Genova, cocaina nei bicchieri da vino: arrestati pusher “pendolari”

cocaina

Genova. Li hanno individuati tra i molti connazionali, stando appostati durante l’attività di contrasto allo spaccio di droga nella zona del centro storico, seguendone gli spostamenti. Così ieri sera gli uomini del commissariato Prè, dopo un lavoro di indagine e di osservazione durato alcuni giorni hanno rintracciato uno degli spacciatori che riforniva abitualmente i tossicodipendenti della zona.

L’uomo è un venticinquenne di origine senegalese che pur frequentando i vicoli genovesi preferiva nascondere la droga in un appartamento del quartiere di San Fruttuoso, facendo il pendolare con le dosi ordinate dai clienti che bazzicano in via Prè.
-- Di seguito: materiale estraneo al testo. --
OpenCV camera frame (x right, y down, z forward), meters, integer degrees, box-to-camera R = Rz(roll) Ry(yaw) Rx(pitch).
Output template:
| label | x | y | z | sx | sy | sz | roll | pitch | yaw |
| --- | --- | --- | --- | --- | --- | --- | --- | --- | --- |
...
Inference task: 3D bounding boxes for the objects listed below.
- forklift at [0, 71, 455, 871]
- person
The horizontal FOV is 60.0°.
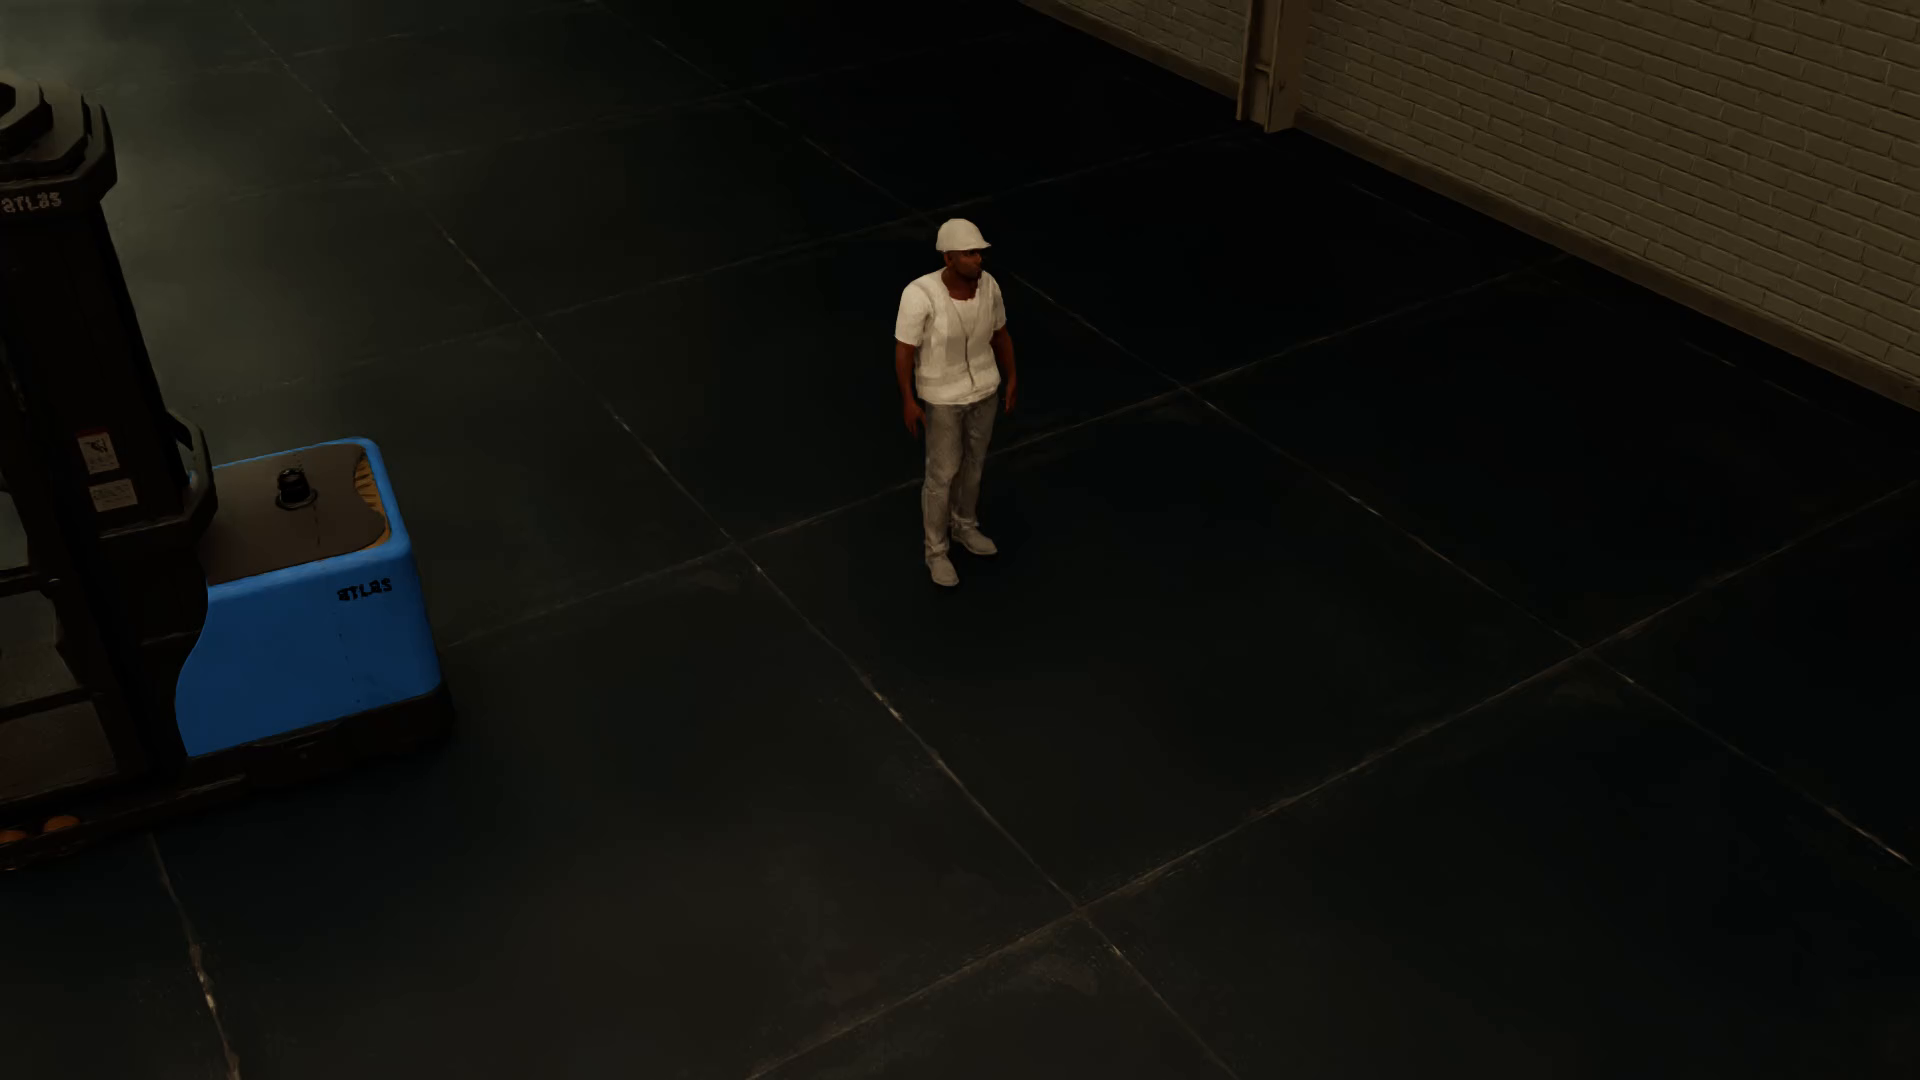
| label | x | y | z | sx | sy | sz | roll | pitch | yaw |
| --- | --- | --- | --- | --- | --- | --- | --- | --- | --- |
| forklift | -3.815 | -0.200 | 6.433 | 3.031 | 2.935 | 1.130 | -15 | 38 | -20 |
| person | 0.034 | -0.693 | 8.135 | 0.665 | 1.766 | 0.576 | -21 | 40 | -27 |
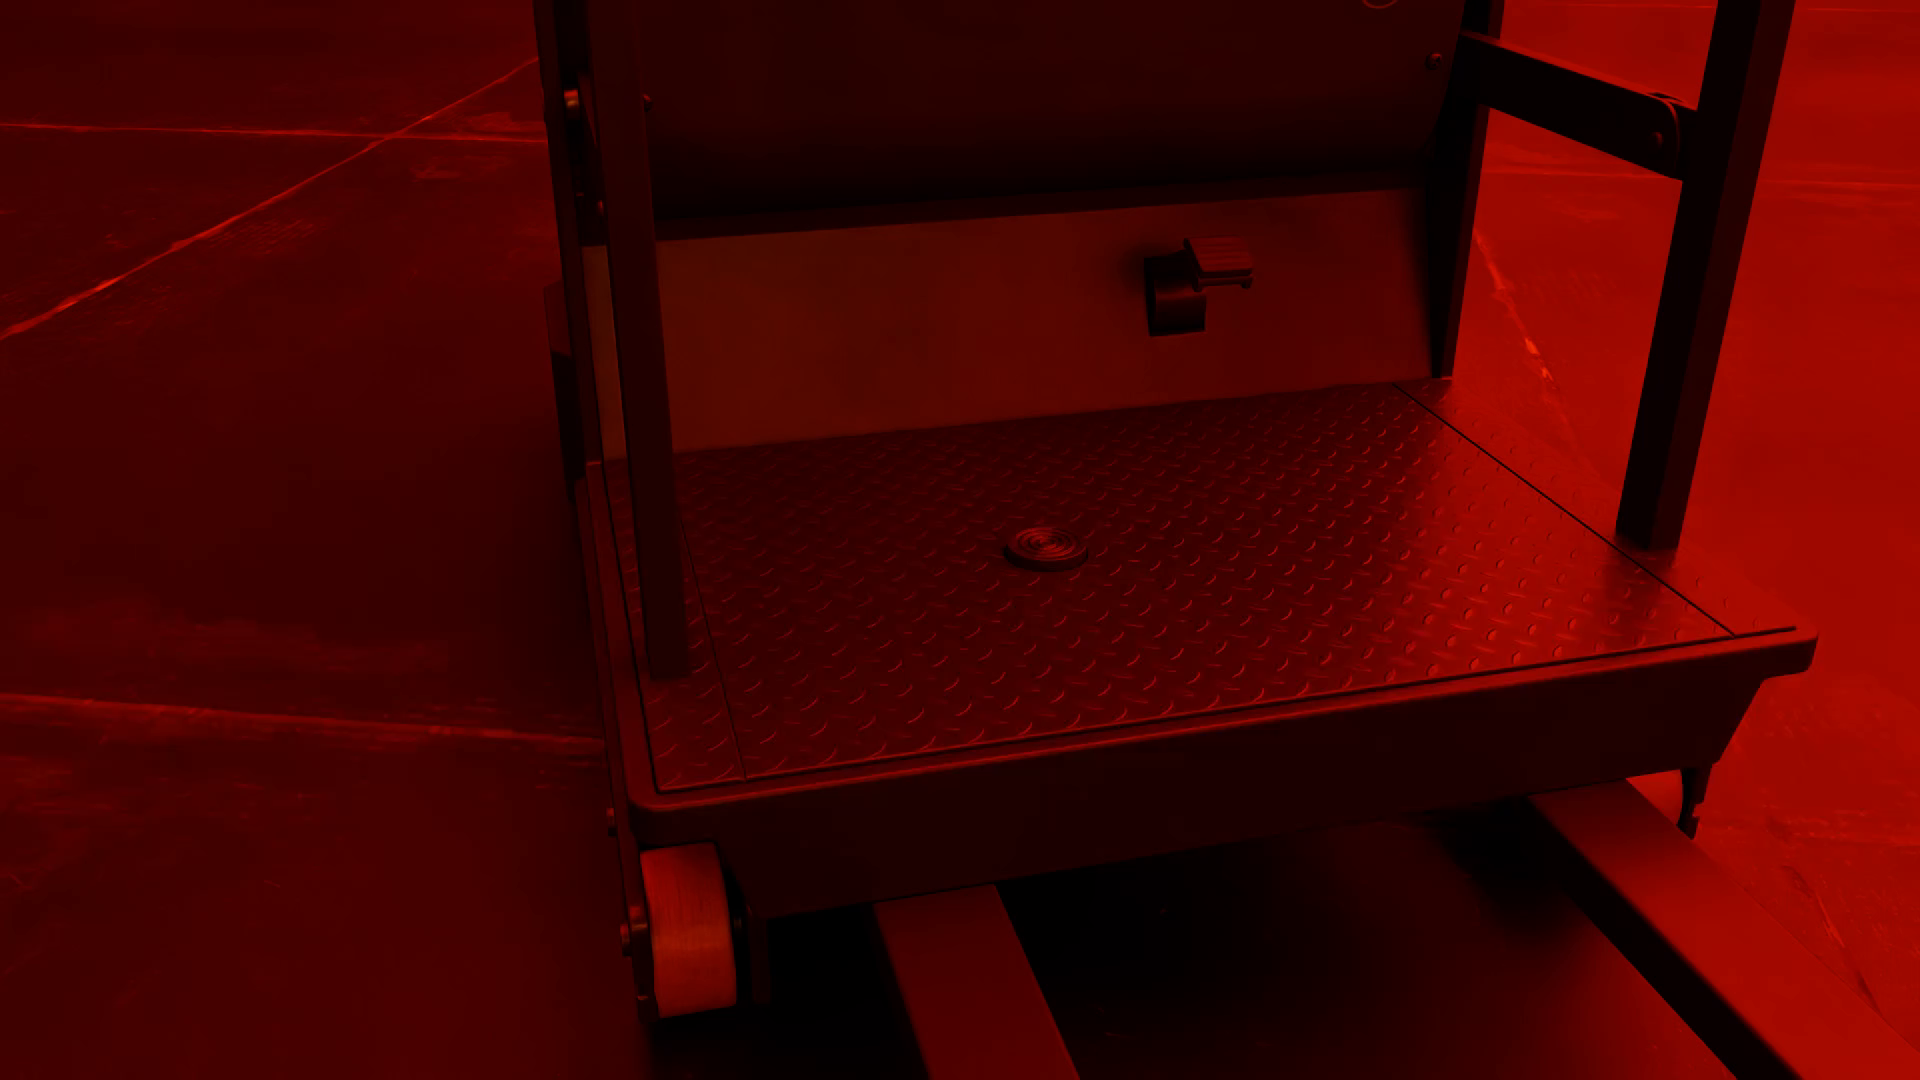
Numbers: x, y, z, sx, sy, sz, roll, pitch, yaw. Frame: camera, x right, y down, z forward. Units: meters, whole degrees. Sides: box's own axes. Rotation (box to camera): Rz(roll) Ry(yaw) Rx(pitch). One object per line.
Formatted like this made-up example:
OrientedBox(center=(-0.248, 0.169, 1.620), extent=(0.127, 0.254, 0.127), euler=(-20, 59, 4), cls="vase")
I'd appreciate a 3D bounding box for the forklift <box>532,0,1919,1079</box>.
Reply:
OrientedBox(center=(0.153, -1.049, 1.319), extent=(1.130, 2.935, 3.031), euler=(-7, 27, -13), cls="forklift")

Seguito e bloccato dai poliziotti all’altezza di L.go Merlo lo spacciatore ha cercato di nascondere un paio di chiavi negando di abitare nei pressi, sapendo di avere della droga occultata in casa.

Dopo aver provato ad inserire le chiavi in almeno una ventina di serrature di altrettanti portoni, finalmente gli investigatori hanno trovato quello giusto, salendo al secondo piano dello stabile ed aprendo l’abitazione dove hanno trovato per terra alcuni bicchieri da vino contenenti cocaina, utilizzati come dosatori, nonché ottantotto confezioni di analoga sostanza già pronte per la vendita, per un totale di 40,27 grammi. Nell’abitazione erano presenti i due fratelli del fermato, rispettivamente di 18 e 20 anni, coinvolti nell’attività illecita e pertanto tratti in arresto unitamente la primogenito.

Nel corso della perquisizione i poliziotti hanno rinvenuto, nella camera da letto, anche un bilancino di precisione ed un sacchetto contenente 14 telefoni cellulari la cui provenienza è in fase di accertamento. I tre cittadini senegalesi, tutti disoccupati, sono stati trovati in possesso di 1200 euro, ritenuti dagli investigatori provento dell’attività illecita e, pertanto, sequestrati.